+++ DATASET ENTRIES +++

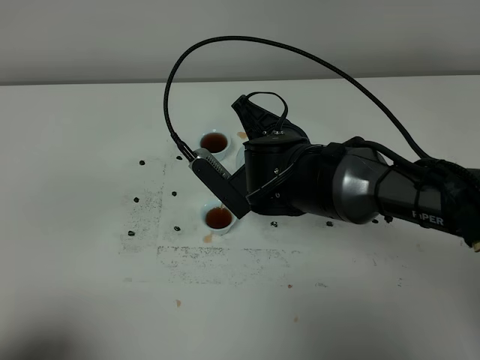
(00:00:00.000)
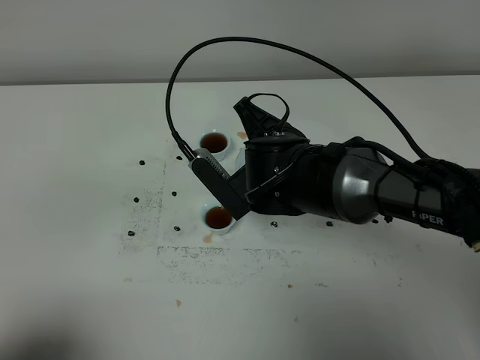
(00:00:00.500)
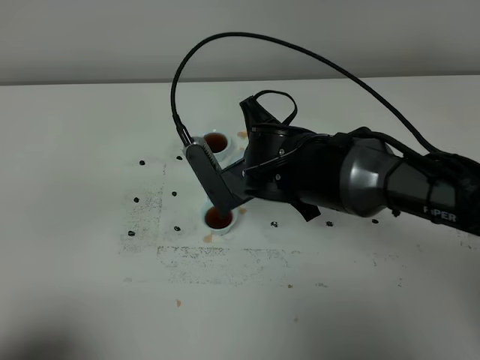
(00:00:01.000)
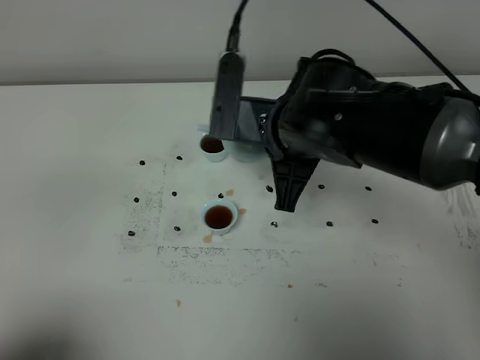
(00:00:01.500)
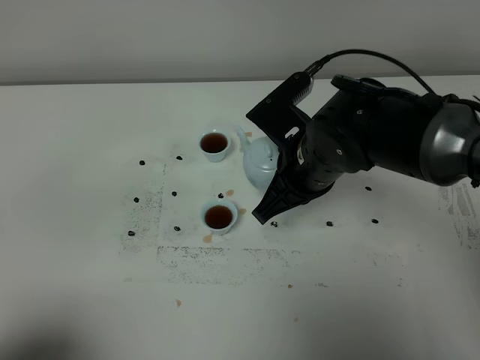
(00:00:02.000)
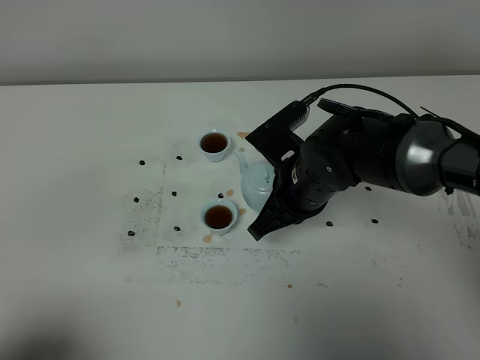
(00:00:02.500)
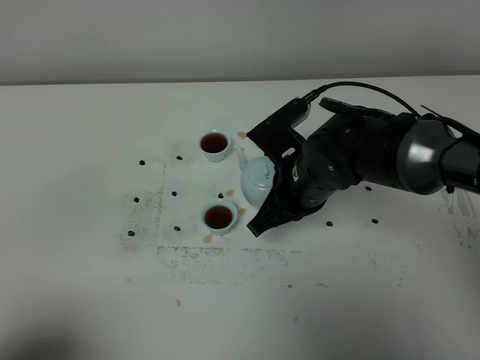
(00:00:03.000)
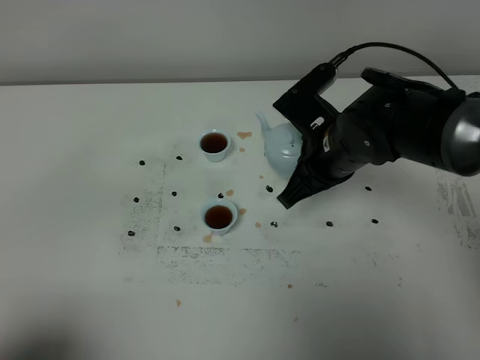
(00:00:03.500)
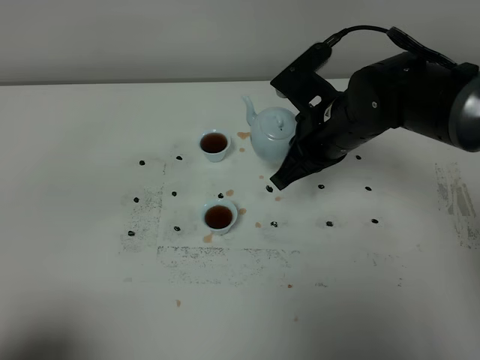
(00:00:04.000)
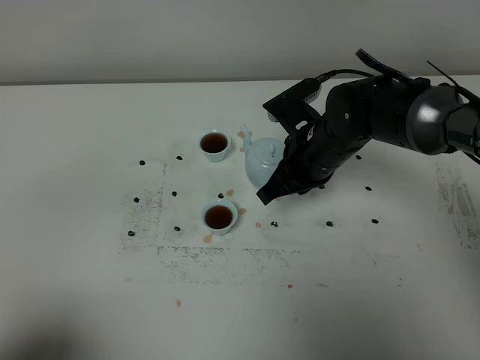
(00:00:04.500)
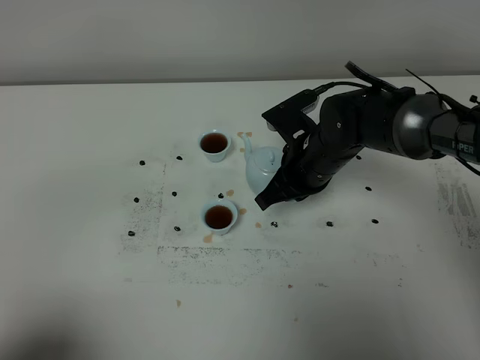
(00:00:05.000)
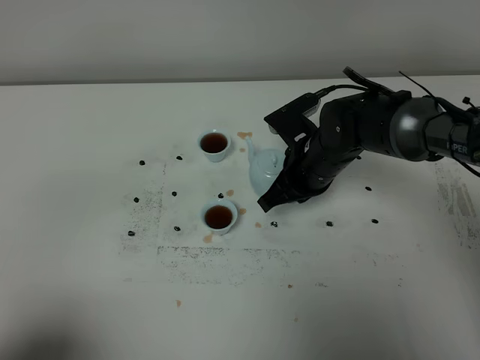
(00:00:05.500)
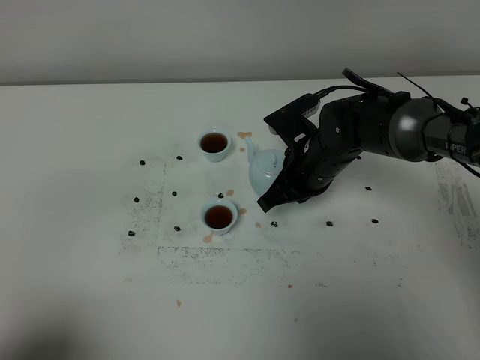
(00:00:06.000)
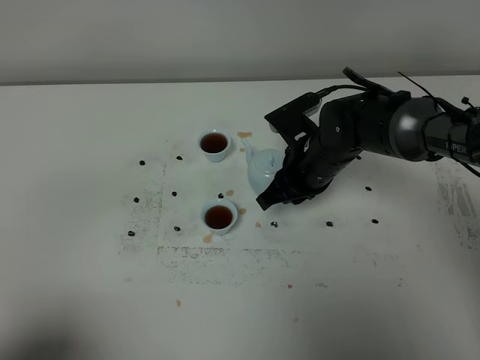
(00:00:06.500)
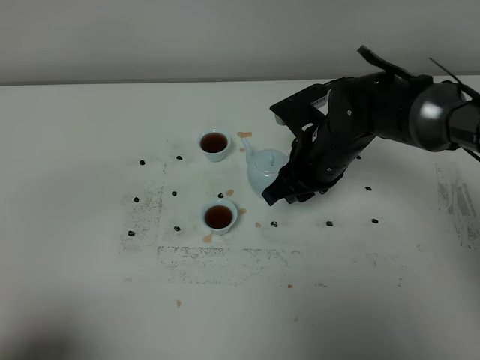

+++

EXERCISE GOAL | Print the records exactly, every one. Leave out the pictures.

EXERCISE OUTPUT |
(00:00:00.000)
(00:00:00.500)
(00:00:01.000)
(00:00:01.500)
(00:00:02.000)
(00:00:02.500)
(00:00:03.000)
(00:00:03.500)
(00:00:04.000)
(00:00:04.500)
(00:00:05.000)
(00:00:05.500)
(00:00:06.000)
(00:00:06.500)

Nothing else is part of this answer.